Unit / Functional / Integration Testing

There's plenty of people way smarter than me that have taken the time to address the ratio of unit vs. functional vs. integration testing in your testing suite. My main goal is to get unit test suites that do a great majority of the testing of each class and method within a class. When I talk about these kinds of tests in general, what I mean by this is tests that can be run by some combination of a test harness (jUnit/CodeCeption/nUnit) and some kind of dependency injection container (Spring/Symfony/vNext). When you're writing pure unit tests, the DI containers should not be initialized by the test harness. For some functional tests, and definitely for integration testing, it's important to ensure that the proper usage of the objects placed into the DI container is correct. For the most part, the highest bulk of automated test harness code should be unit testing that mocks away any dependencies it requires. Prevention of repeated regression is the main and most obvious benefit that comes from testing created in a test harness. Furthermore, with a proper test harness production bugs can follow this workflow: verify bug->reproduce bug using test harness->make red test turn green by refactoring. By using this workflow, you assure yourselves that, as far as regressions go, one less will take place. Now, instead of making it into QA or out to the client, your automated test can inform you immediately upon check-in if any new code violates an existing test.

Performance Testing

Applications have to be fast. According to Microsoft research, Goldfish do a better job of paying attention to one subject than human beings do. You have 8 seconds (or less) to ensure you're delivering the right value to your customer. Otherwise they're going to context shift and look for something else more interesting to pay attention to. 8 seconds. To load the most critical insights on thousands/millions/billions of data points. If you don't think performance (or perceived performance) matters in your application - you're going to end up regretting it. People will stop paying attention to it, and then you won't have customers to work for any more. 
Source: Microsoft Attention Span Research

Penetration Testing

Ignoring security implications of software seems to me a bit like sending a cow out into an alligator infested river and expecting it to make it safely to the other side.
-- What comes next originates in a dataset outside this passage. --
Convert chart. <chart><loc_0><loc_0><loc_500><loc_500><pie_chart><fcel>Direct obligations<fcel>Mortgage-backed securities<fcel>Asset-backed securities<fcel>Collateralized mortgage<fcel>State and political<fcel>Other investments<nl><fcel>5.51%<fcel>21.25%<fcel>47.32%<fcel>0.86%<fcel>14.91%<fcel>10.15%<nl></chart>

Read the news. You'll see what I mean. After all, one of the many critical aspects of quality is security. Many software industries can even get into significant legal trouble if the software doesn't properly protect its users. HIPAA protects health records. FERPA protects education records. Imagine if you worked for a company making one of those kinds of software, and sensitive data got out. At that point your company's reputation has been tarnished to a point where recovery will take a very long time, if you can even recover at all - and while you're working on spending a ton of money trying to repair the damage, you also have legal regulators to contend with. The expense of a security breach cannot be ignored, just ask Target. The cost of implementing the best security measures we can on the outset hardly seems like any kind of expense at all when you compare it to the risk of not raking security seriously. How much more likely is it Target wouldn't be in the public's cross-hairs if they had spent $148 million dollars on a security improvement initiative? And they'd have a reputation that didn't include "don't use your credit card to shop there."
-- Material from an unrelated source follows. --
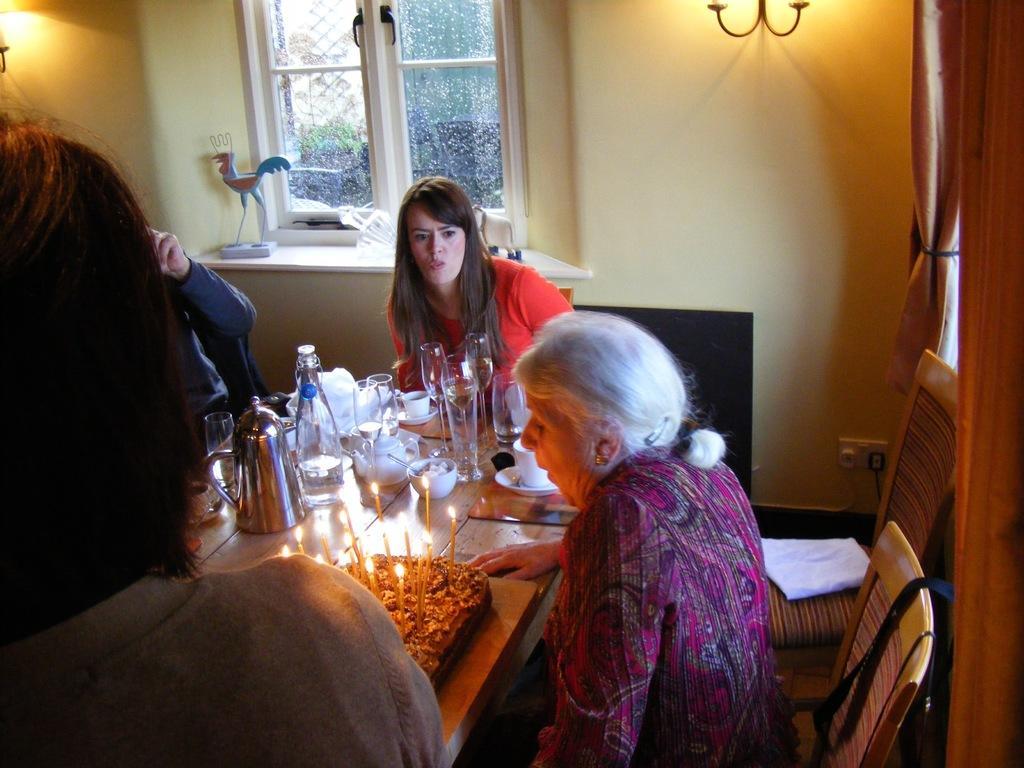Can you describe this image briefly? A lady wearing pink dress is sitting on chair is blowing candles. There is another lady wearing red t shirt is sitting on a chair. And there is a table in front of them. On the table there is a cake, cup, saucer, bowl, glasses, bottle and a kettle. There are another chair. In the background there is a wall, window. Near to the window there are some toys. There are lights in the wall. 
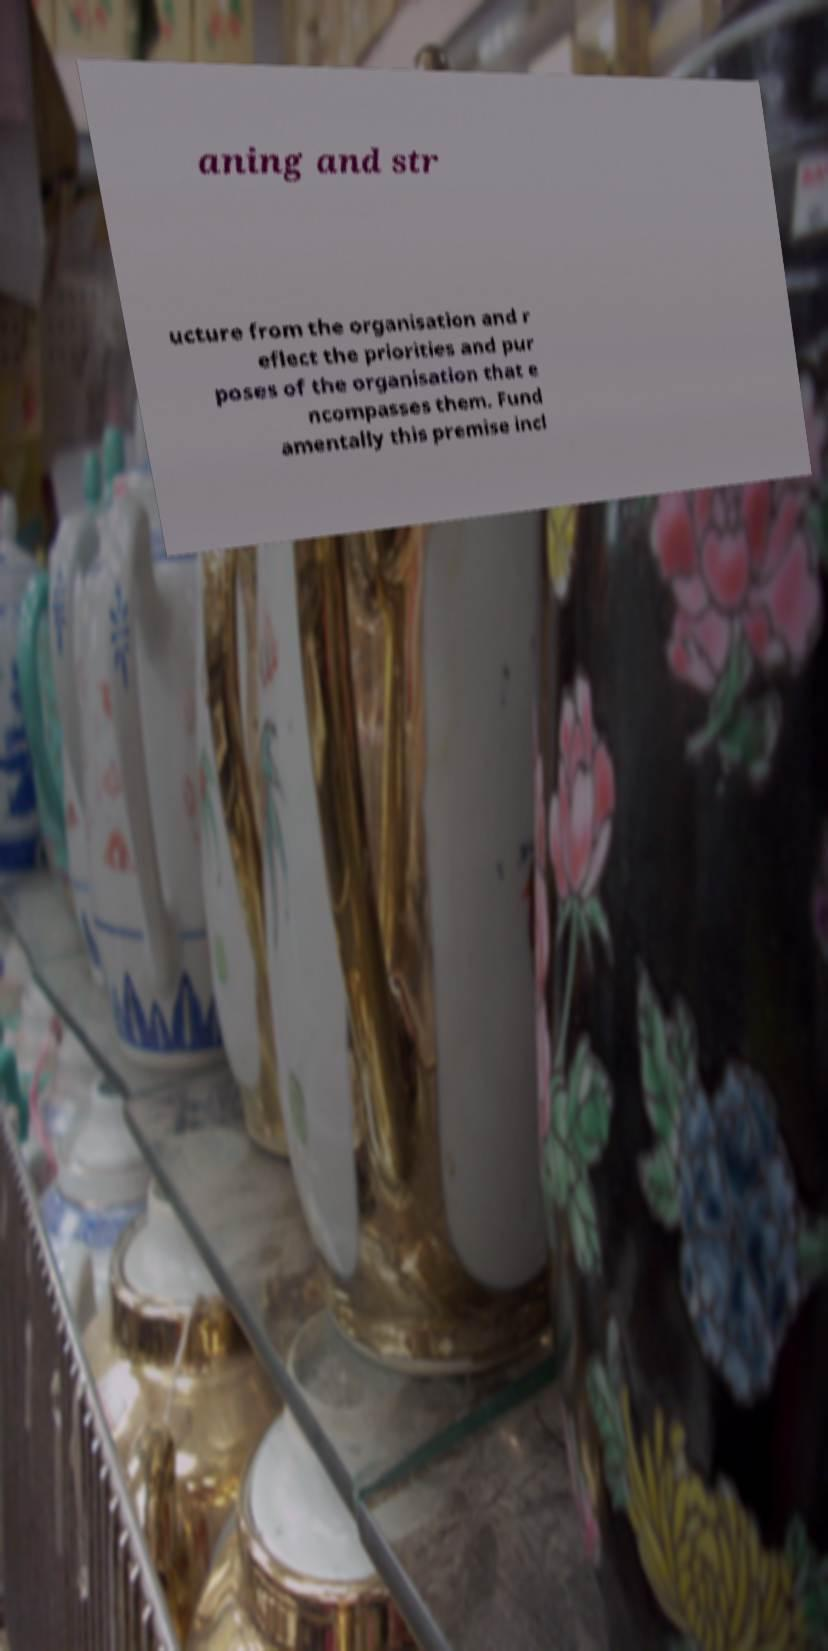Can you accurately transcribe the text from the provided image for me? aning and str ucture from the organisation and r eflect the priorities and pur poses of the organisation that e ncompasses them. Fund amentally this premise incl

Peer Reviews are Critical Too

In essence, the fastest way to get quality is to have someone sitting over your shoulder watching you write every line of code you're writing to get a feature out the door. This assures two things: 1) no one person has all of the knowledge about a given feature 2) the person writing the code will write differently because they know they're being reviewed in real-time. Pair programming gives us the opportunity to have a pilot/co-pilot pattern to work from. But, it's very hard to implement practically - and also very expensive, because you have to have "twice as many" engineers to get the software into production. But - with twice as many engineers, the likelihood of regression happening from any one given check-in goes WAY down.